Das ist vor allem für die Message des Films wirklich wichtig, da dieser einen sehr guten Umgang mit dem Thema Behinderung hat. Insbesondere da die Geschichte in den 1980er Jahren in Polen ansetzt, sind die Verhältnisse damals - das Konservative, die Angst vor dem Unnormalen, die Armut - recht gut gezeigt worden und dadurch auch Mateus' Kindheit sehr verständlich. Selbst heutzutage sieht man selten eine Mutter mit einem behinderten Kind in der Öffentlichkeit, und damals ist dies sogar noch verpönter gewesen. Es erblickt kaum je den Spielplatz vor seiner eigenen Haustür, es gibt keine Möglichkeiten der Unterstützung dafür oder für Entlastung der Familie, und genau deswegen ist diese auch nicht sonderlich stabil. Man erkennt sowohl die Seite, die behinderte Menschen trotz ihrer Beeinträchtigung auf herzerwärmende Weise in den Alltag integrieren, aber auch diejenigen, die gar nicht weiter genau hinsehen und Mateus direkt als Gemüse oder ,,Trottel'' - wie seine eigene Schwester sagt - abstempeln. Glücklicherweise schafft es der Film aber, aus Behinderten nie Witzfiguren zu machen, auch wenn sich ab und an Slapstick-Situationen anbieten sollten. Stattdessen werden sie als Menschen gezeigt, nicht nur anhand von Mateus' Geschichte, sondern auch Nebenfiguren, auf die er trifft. Menschen, die Freundschaften schließen, die gerne musizieren, die sich verlieben und Spaß haben. Sicherlich hätte es nicht schaden können, einigen von ihnen Namen zu geben und einige von ihnen mit Mateus Freundschaft schließen zu lassen, doch auch so ist das schon mehr, als so manch anderes Medium bereit ist zu zeigen. Indirekt werden auch auf Missstände in Einrichtungen für solche Menschen gezeigt, weitreichend über Geldmangel bis hin zu fehlendem Einfühlungsvermögen. Jedoch zeigt sich in In meinem Kopf ein Universum, dass das kein Problem des Pflegepersonals, sondern der Menschen generell ist: jemand ist anders, tut sich schwerer damit, sich auszudrücken, und genau deswegen neigt man dazu, diesen Jemand zu unterschätzen. Denn dies ist für die meisten einfacher, als sich anzustrengen, bis man gemeinsam wenigstens ein klein wenig an Selbstständigkeit erarbeitet, sowohl für einen selbst als auch - wie man sich einredet - für den Behinderten selbst. Daher ist die Grundmessage des Films, nämlich dass es sich immer lohnt, weiterzukämpfen, egal wie aussichtslos die Lage ist, einfach nur wundervoll und auch sehr schön rübergebracht.

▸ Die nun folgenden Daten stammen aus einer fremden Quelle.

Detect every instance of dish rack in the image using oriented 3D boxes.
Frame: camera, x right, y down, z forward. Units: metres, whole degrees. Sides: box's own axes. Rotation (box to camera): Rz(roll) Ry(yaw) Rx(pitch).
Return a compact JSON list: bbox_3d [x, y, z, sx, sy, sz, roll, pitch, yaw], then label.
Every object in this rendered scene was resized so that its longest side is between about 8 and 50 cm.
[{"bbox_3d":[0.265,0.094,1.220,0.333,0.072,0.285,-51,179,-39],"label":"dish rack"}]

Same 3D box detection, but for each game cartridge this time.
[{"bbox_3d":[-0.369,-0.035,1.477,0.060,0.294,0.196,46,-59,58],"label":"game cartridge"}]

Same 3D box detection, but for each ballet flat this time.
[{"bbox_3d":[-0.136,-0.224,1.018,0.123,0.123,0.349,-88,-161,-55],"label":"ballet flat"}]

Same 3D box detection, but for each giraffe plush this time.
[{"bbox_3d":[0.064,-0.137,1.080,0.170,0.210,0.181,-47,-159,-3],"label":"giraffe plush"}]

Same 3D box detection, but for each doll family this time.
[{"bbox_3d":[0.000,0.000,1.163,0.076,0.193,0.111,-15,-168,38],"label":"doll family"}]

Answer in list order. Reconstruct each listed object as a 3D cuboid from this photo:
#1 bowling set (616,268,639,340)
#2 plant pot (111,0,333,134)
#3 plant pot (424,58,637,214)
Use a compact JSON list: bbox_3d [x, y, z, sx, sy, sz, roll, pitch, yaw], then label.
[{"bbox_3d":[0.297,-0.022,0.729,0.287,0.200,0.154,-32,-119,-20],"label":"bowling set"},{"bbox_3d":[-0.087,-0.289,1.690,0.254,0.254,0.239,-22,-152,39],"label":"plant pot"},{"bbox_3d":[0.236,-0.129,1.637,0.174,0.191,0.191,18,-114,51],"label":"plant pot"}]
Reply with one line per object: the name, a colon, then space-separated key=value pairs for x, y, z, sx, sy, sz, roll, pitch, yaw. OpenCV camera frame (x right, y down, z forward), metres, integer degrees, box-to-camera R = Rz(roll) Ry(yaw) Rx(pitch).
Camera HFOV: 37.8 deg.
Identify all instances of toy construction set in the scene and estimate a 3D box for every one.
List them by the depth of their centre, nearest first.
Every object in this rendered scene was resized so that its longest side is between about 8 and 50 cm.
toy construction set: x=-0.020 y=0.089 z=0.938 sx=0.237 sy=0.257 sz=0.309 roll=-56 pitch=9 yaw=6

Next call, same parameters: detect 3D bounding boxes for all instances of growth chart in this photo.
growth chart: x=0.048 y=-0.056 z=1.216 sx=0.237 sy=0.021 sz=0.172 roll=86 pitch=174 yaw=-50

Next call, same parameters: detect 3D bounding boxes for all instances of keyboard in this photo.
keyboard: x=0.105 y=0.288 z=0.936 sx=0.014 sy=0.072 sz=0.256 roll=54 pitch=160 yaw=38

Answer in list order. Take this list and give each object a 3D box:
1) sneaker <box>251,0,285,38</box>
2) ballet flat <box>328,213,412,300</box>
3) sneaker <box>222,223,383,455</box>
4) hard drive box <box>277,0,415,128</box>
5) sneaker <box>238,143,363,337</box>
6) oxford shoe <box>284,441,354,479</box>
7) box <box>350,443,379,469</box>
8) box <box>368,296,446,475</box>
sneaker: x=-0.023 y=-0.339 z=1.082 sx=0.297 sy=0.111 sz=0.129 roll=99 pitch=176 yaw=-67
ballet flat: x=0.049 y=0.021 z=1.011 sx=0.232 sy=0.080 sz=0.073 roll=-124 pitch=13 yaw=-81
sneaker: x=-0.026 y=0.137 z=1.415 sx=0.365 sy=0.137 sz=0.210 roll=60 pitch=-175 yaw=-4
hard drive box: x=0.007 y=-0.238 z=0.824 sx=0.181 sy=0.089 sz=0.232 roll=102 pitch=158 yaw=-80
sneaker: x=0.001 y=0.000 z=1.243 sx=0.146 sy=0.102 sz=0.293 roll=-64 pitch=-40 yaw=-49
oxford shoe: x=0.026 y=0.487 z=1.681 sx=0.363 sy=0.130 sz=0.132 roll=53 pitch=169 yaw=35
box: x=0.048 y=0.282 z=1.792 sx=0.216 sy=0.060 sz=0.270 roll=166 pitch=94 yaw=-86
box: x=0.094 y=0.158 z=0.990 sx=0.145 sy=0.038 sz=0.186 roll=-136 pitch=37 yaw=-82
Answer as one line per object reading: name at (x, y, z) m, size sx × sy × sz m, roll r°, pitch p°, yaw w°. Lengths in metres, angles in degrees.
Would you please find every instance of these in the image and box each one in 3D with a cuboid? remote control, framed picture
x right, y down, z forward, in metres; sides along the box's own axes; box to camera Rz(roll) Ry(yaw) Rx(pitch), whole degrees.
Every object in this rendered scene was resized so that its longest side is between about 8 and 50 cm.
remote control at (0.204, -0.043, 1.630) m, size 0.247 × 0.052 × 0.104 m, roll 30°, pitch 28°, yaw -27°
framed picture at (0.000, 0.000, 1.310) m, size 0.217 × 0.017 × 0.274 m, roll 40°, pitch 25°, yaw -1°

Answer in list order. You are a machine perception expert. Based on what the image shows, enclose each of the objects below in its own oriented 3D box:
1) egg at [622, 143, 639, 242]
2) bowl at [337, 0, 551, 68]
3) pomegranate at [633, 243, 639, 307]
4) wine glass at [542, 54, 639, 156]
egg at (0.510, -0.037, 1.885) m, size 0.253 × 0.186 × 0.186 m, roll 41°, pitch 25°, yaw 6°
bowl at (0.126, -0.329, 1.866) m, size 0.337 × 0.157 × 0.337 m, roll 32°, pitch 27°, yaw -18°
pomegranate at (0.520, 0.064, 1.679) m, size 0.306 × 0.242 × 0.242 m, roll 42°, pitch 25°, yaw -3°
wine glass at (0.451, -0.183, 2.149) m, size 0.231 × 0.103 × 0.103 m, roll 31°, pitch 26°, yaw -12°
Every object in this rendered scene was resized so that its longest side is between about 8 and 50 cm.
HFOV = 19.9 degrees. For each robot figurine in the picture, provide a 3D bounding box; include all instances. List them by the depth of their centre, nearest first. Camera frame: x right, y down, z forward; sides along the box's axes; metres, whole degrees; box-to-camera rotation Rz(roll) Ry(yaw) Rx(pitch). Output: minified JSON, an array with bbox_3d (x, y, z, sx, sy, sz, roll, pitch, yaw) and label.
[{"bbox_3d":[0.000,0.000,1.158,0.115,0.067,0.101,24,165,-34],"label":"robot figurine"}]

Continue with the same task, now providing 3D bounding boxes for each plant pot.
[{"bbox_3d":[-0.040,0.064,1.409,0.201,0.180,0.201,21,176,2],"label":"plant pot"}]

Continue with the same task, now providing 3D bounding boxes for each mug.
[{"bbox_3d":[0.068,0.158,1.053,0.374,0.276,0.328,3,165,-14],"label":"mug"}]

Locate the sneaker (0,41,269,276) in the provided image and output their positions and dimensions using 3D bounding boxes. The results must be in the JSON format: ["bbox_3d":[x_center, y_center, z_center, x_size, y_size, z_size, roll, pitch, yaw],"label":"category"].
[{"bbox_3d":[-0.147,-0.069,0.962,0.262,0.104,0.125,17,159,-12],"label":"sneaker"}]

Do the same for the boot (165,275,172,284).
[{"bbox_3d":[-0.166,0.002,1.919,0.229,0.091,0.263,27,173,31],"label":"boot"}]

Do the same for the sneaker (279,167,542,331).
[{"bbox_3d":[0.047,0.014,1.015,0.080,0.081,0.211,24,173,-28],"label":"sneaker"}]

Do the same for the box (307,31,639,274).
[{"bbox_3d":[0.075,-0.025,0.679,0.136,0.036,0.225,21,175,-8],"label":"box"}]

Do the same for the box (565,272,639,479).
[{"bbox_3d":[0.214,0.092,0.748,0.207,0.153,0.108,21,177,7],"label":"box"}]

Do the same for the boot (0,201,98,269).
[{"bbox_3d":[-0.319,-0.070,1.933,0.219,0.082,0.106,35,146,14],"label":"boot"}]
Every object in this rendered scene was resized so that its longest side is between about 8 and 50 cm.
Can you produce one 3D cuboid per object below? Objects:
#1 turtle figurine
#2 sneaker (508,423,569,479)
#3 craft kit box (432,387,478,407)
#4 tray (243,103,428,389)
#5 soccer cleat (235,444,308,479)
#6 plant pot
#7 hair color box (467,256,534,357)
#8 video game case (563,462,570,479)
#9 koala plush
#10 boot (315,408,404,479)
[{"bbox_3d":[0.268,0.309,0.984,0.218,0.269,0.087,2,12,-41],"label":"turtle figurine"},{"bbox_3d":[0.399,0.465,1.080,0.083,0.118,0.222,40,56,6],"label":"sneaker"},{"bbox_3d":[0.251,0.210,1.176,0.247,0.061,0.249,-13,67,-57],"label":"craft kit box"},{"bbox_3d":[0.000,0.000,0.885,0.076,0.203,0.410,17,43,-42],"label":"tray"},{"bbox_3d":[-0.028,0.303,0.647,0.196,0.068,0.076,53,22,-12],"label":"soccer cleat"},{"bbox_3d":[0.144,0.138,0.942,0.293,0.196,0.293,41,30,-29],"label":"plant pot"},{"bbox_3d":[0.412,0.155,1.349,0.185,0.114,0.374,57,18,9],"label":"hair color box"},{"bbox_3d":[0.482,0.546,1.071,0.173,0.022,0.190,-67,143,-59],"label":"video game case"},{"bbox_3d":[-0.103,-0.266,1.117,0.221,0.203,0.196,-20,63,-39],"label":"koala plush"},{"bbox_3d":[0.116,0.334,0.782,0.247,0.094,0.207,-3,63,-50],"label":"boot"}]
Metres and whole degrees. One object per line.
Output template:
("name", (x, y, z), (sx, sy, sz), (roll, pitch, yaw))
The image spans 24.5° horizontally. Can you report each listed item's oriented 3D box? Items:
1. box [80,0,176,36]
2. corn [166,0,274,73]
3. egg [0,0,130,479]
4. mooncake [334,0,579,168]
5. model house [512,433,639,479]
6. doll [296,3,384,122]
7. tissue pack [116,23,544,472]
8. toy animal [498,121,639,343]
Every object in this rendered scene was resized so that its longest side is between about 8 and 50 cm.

Vielleicht hätte es dem Drama aber nicht geschadet, ein wenig ausführlicher in diesen Momenten zu sein. Denn größtenteils schaut sich der Film sehr episodenhaft, es werden meistens nur essentielle Szenen mit schönen Details gezeigt, die aber den Verlauf der Geschichte ab und an etwas sprunghaft erscheinen lassen. Vor allem bei Mateus' erster Kontaktperson außerhalb des eigenen Haushalts hätte man sehr viel machen können, statt ihr nur so kurz Screentime zu geben. So fällt es manchmal auch schwer - von der eingeblendeten Jahreszahl abgesehen - die verstrichene Zeit einzuschätzen, sodass die Story noch ruhiger wirkt als sowieso schon. So plätschert das Geschehen lange Zeit vor sich hin, sodass man lange nicht weiß, wohin Mateus' Biografie führen soll. Natürlich wartet er auf seinen großen Moment, in dem er allen zeigen kann, was in ihm steckt, doch der Film lässt sich sehr viel Zeit damit, diesen einzuführen. Und sobald er eingeführt ist, wird alles gefühlt dreimal schneller abgehandelt als zuvor. Das hätte man mit mehr Feingefühl und weniger umstürzlerisch erzählen können, damit man als Zuschauer auch die Chance hat, etwas über all die Folgen und Veränderungen lernen zu können. Deswegen ist das Ende zwar sehr schön und unterstreicht die Aussage des Films wunderbar mit dieser an wahre Begebenheiten angelehnte Geschichte, doch etwas mehr von der sonstigen Geduld hätte definitiv nicht geschadet.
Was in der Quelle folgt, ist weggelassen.